The algorithm tries to mimic the mind of an avid People’s Daily reader who reads its articles and tries to figure out how its editor places articles on different pages. Due to the official status of this newspaper, the way its editor selects articles for the front page reflect the newspaper’s issue priorities, which the avid reader will try to pick up. If the reader had read and thought through, say, five years’ worth of articles, they would have acquired a fairly good sense of what is in the editor’s mind and what kind of articles “should” or “should not” appear on the front page. But if the reader was then surprised by new articles in the following quarter — that is, their educated guess about the new articles turned out to work either particularly well or exceptionally poorly — it might constitute a signal of change from the reader’s perspective. While a small surprise may well be taken as noise, a strong signal would convince the reader that their existing understanding of the editor’s mind is no longer valid and that the priorities of the People’s Daily must have fundamentally changed.
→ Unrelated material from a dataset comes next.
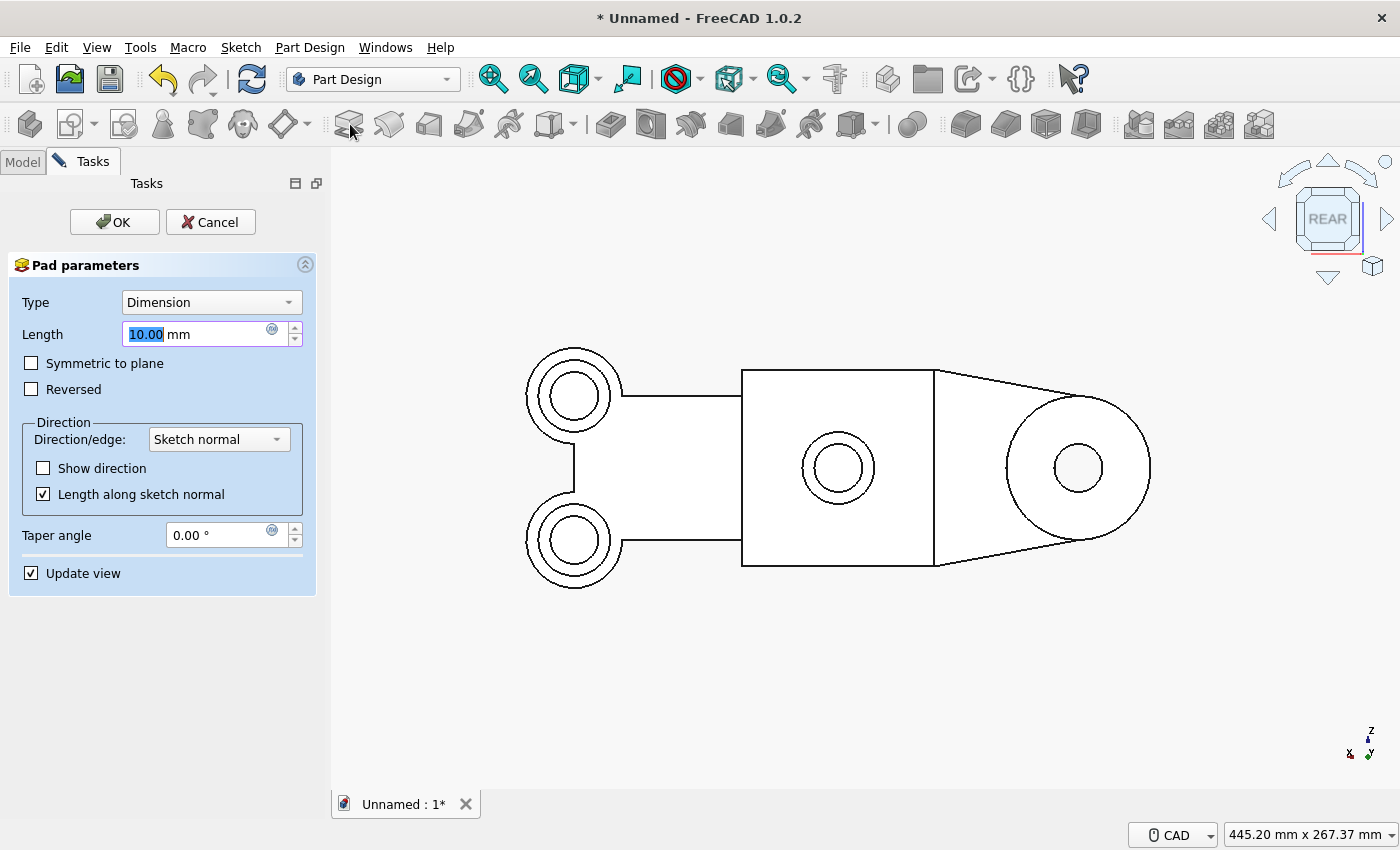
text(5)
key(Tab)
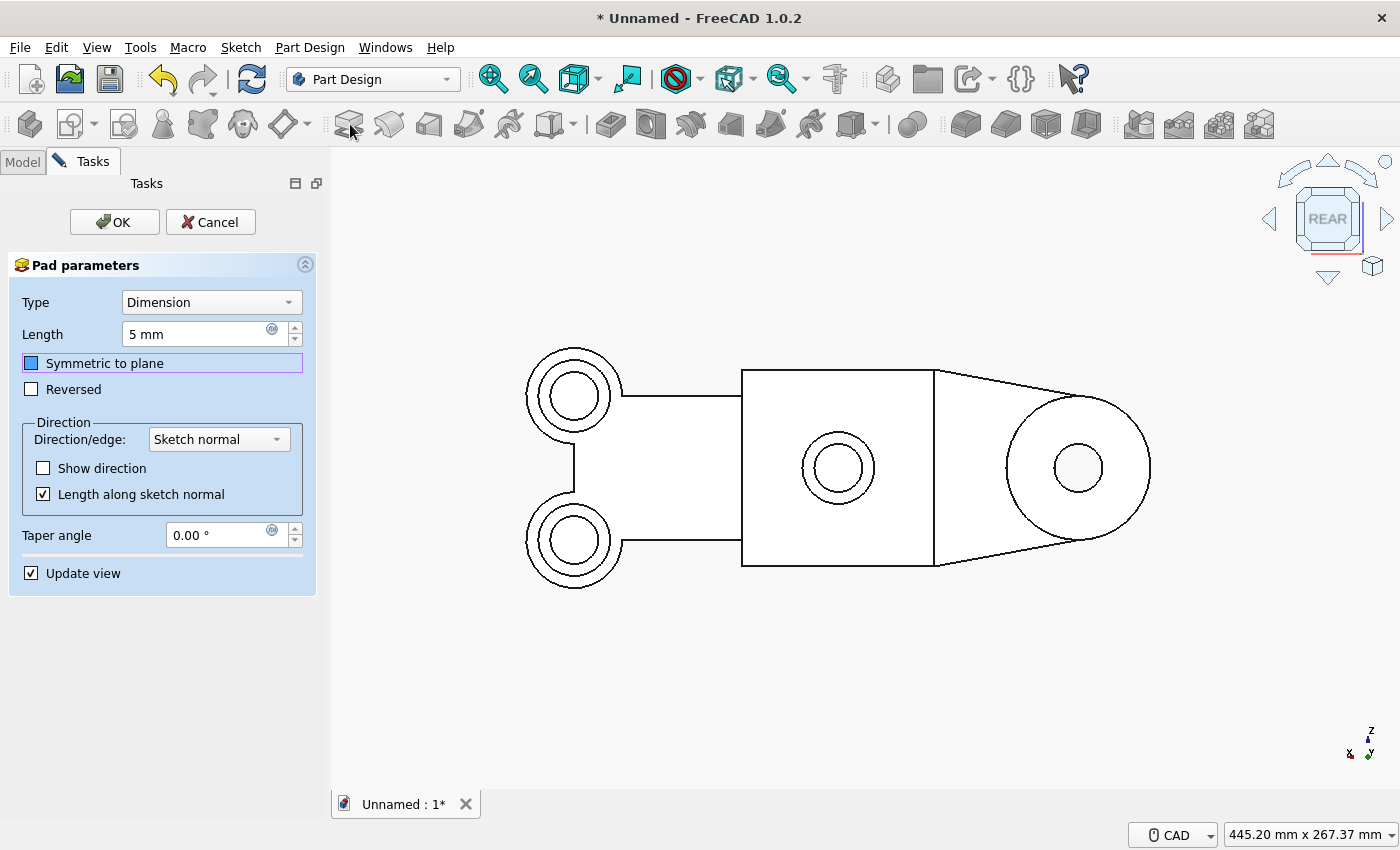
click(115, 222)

Using the above reasoning, we construct a quarterly indicator, which we call the Policy Change Index (PCI) of China, that captures the amount of surprise to the algorithm in each quarter, compared to the paradigm the algorithm has acquired over the past five years’ data.
The namesake of the indicator comes from the fact that detecting changes in the newspaper’s priorities allows us to predict changes in the Chinese government’s policies. This is because the People’s Daily is at the nerve center of China’s propaganda system, an essential function of which is to mobilize resources to attain the government’s policy goals. Moreover, before major policy changes are made, the government often finds it necessary to justify to or convince the public that those changes are the right moves for the country. Hence, while the algorithm is detecting propaganda change in real time, the resulting index is really predicting policy changes for the future.
When put to the test against the ground truth — policy changes in China that did occur in the past — the PCI could have correctly predicted the beginning of the Great Leap Forward in 1958, that of the economic reform program in 1978, and, more recently, a reform speed-up in 1993 and a reform slow-down in 2005, among others. Furthermore, these events are widely recognized in the academic literature as among the most critical junctures in the history of China’s economy and reforms.
Our approach to learning underlying patterns from easily available labels has an obvious “context-free” feature; that is, the construction of the PCI does not rely on the researcher’s understanding of the Chinese context (it’s language, history, or politics). This feature opens the door to a variety of applications that have a structure similar to ours. Readers can find more details about China’s policy changes,  methodology, and its potential applications in this research paper or the website of the project. The source code of the project is also released on GitHub, so that the academic, business and policy communities can not only replicate the findings but also apply this method in other contexts.
(This article is co-authored by Julian TszKin Chan and Weifeng Zhong)
Julian TszKin Chan is a senior economist at Bates White Economic Consulting. Weifeng Zhong is a research fellow in economic policy studies at the American Enterprise Institute.
Weifeng Zhong will be speaking on this subject at Data Natives 2018 in Berlin. The views expressed here and in Weifeng Zhong’s speech are and will be solely those of the authors and do not represent the views of the American Enterprise Institute, Bates White Economic Consulting, or their other employees.